Murat Belge (Taraf, 29 Mayıs 2012)
Geçen gün ben de İçişleri Bakanı’nın açık sözlülüğü karşısında duyduğum takdiri dile getirdim; İçişleri Bakanı’nın konuşmaları, bugünlerin popüler bir yazma konusu. Birileri, böyle konuşan birinin Bakan olarak sağda solda dolaşmasının bir skandal olduğu kanısında. Dolayısıyla, görevden alınmasını bekliyorlar. Peki, kim alacak görevden? Ancak Başbakan alabilir.
Başbakan’ın, İçişleri Bakanlığı için yaptığı seçmeden memnun göründüğünü de yazmıştım. Ayrıca, bugünlerde Başbakan kendisi de toplumu konuşarak aydınlatmak konusunda çok etkin görünüyor. Onun söylediklerine bakılırsa, Başbakan İçişleri Bakanı’nı ancak “kıskançlık” gibi bir nedenle görevden alabilir. “Benden rol çalıyor. Benim söyleyeceklerimi benden önce söylemeye çalışıyor” gibi gerekçeler bulabilir.
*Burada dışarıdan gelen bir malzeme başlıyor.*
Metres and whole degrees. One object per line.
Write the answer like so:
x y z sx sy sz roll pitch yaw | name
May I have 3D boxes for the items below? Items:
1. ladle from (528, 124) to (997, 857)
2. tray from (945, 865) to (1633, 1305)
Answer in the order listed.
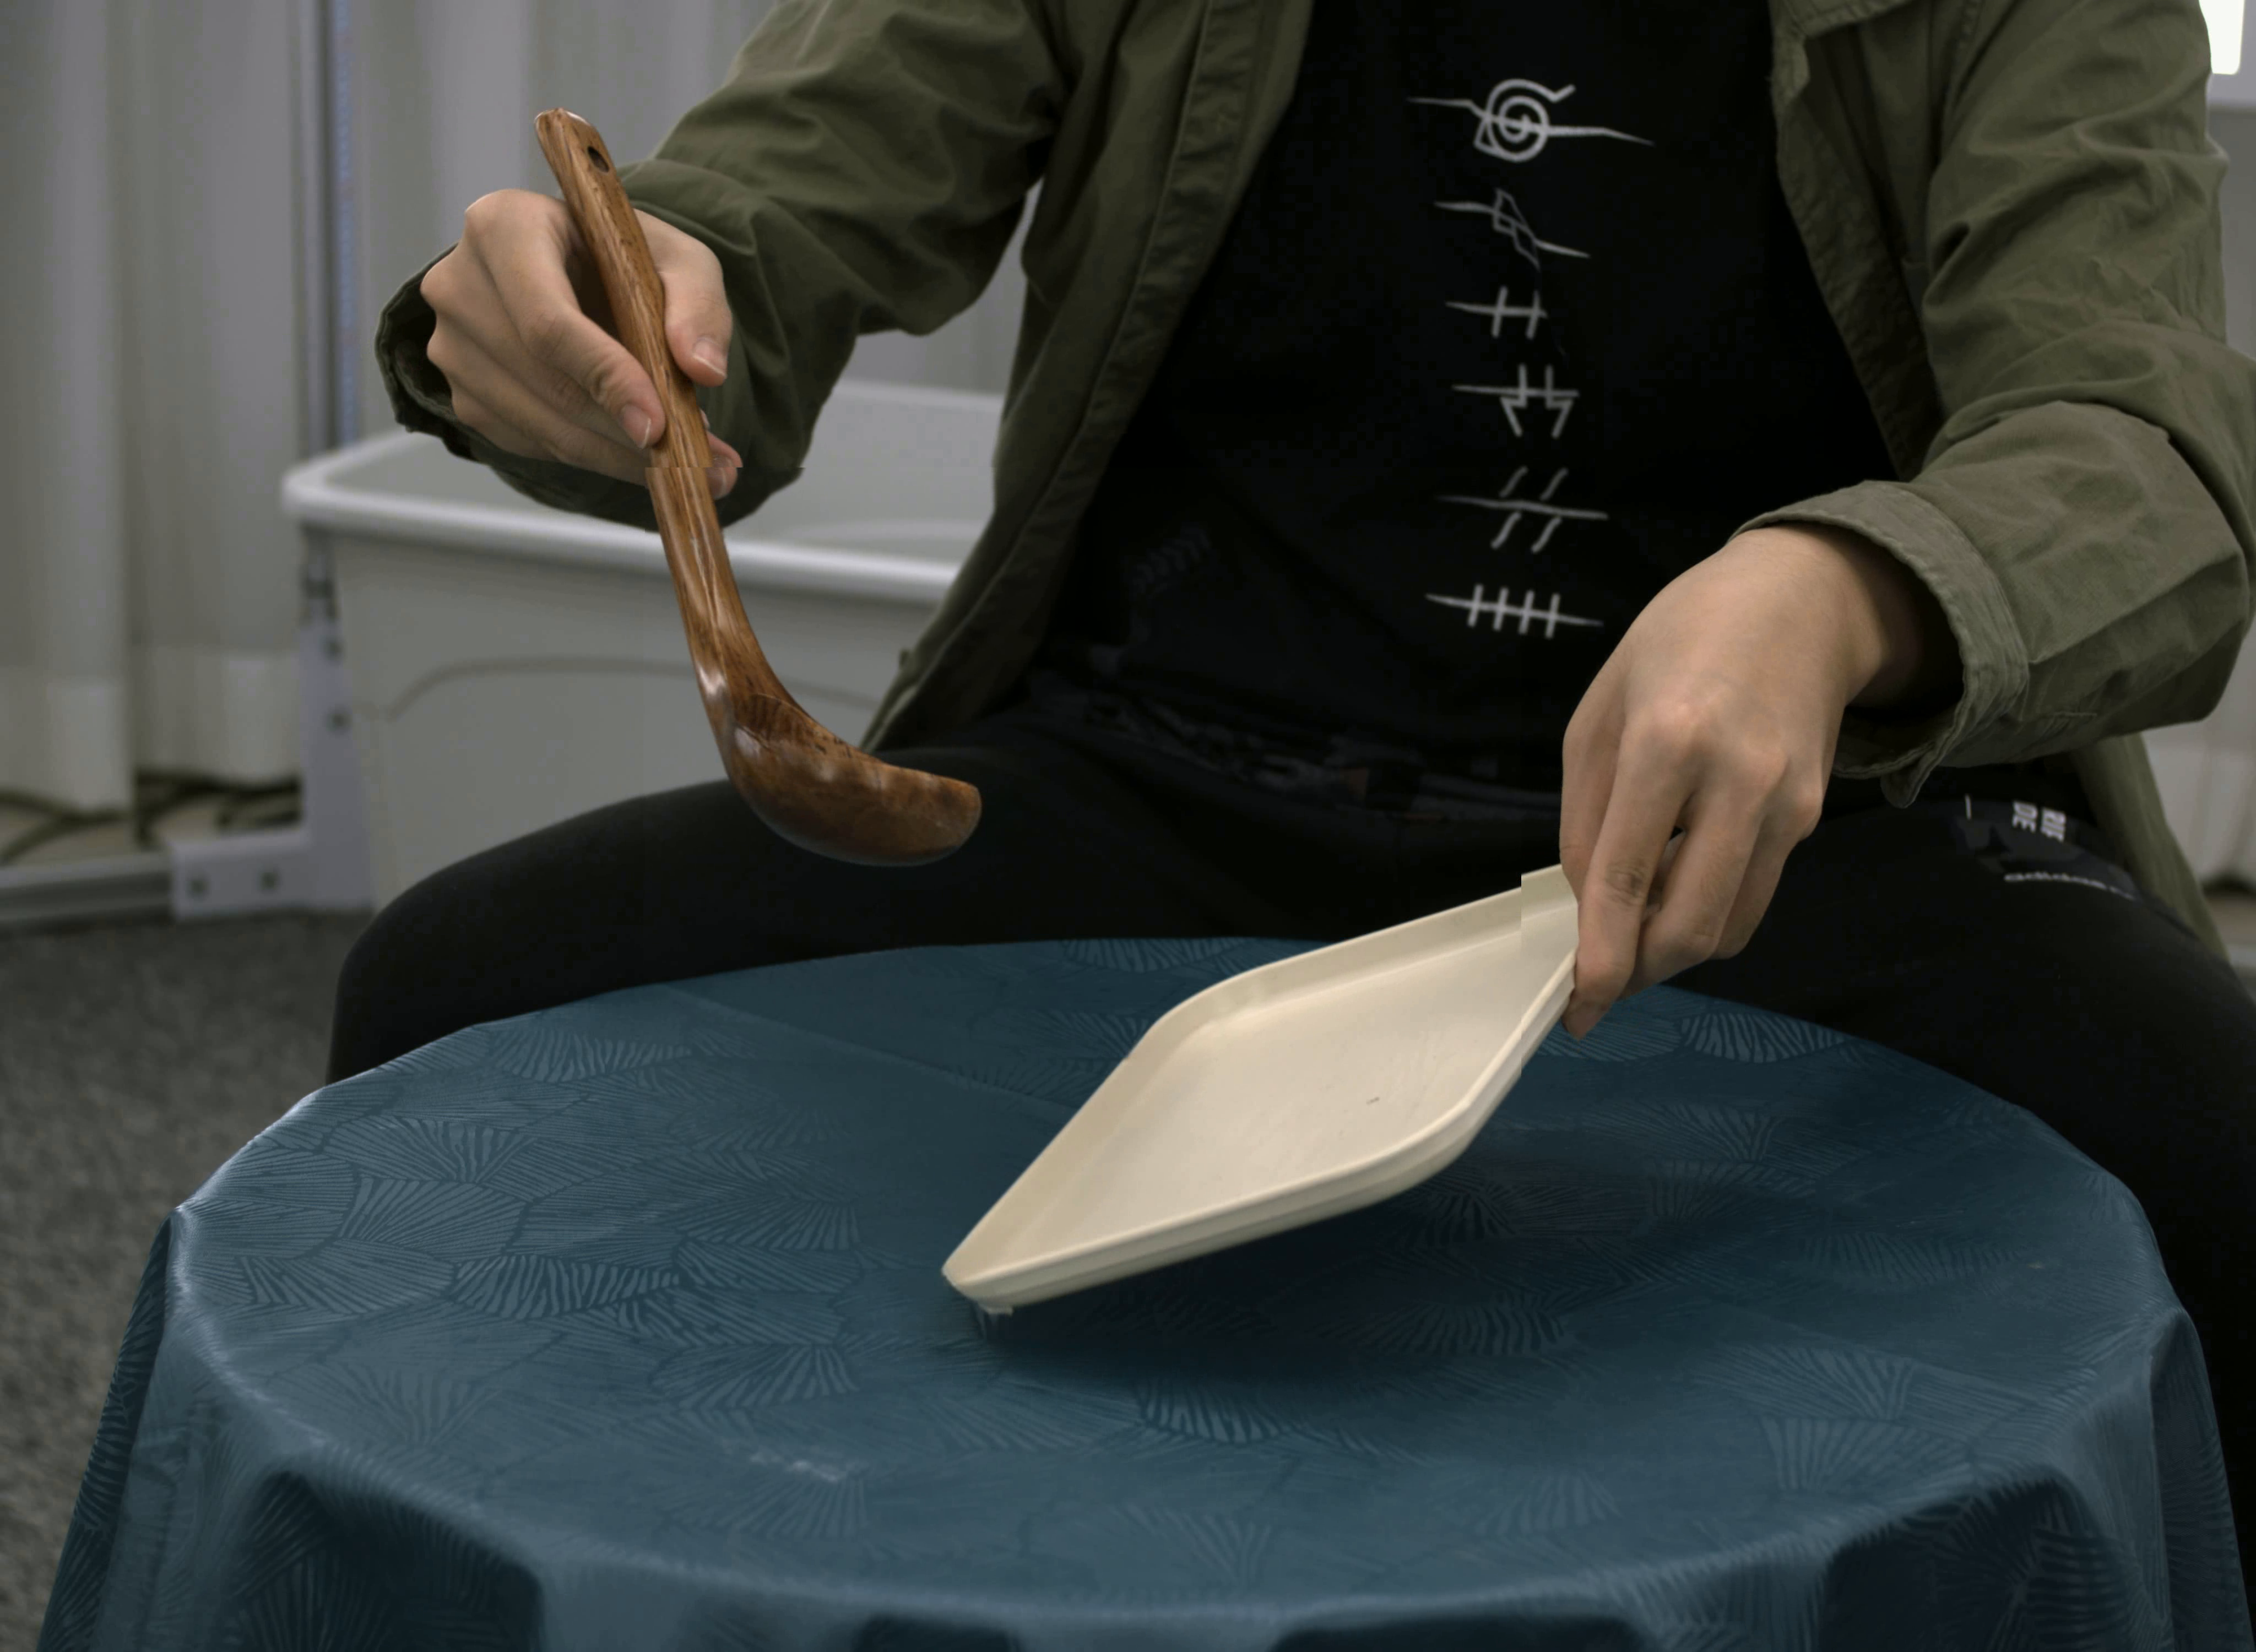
-0.113 -0.110 1.584 0.076 0.272 0.083 -26 -20 19 | ladle
0.053 0.076 1.562 0.170 0.017 0.239 -18 12 25 | tray

Başbakan, bir süredir, genel siyasî sorunların yanı sıra, insanların “özel hayat alanı” içinde olduğu kabul edilen konulara da el (ve dil) atmaya başladı. “Sezaryen”den dem vuruyor, “kürtaj” konusunda Sarah Palin’le ortak bir turneye çıkabileceği izlenimini veriyor. Bildiğim kadarıyla, “kürtaj” konusunda görüşlerini açıklamış ilk Türkiye Cumhuriyeti Başbakanı kendisi oluyor. “İçki” ve “genel ahlâk”, “dindar olmanın erdemleri” gibi kavramlarda da eğitici-öğretici açıklamalarda bulunmuştu.
“Demokrasi” denince bundan Batı’da oluşmuş ve bugün de varolan ilkeler ve değerler manzumesini anlayanlar açısından bir Başbakan’ın bu konularda, bu alanlarda dolaşması, bunu belirli bir ısrarla yapması hayra alâmet bir şey değildir.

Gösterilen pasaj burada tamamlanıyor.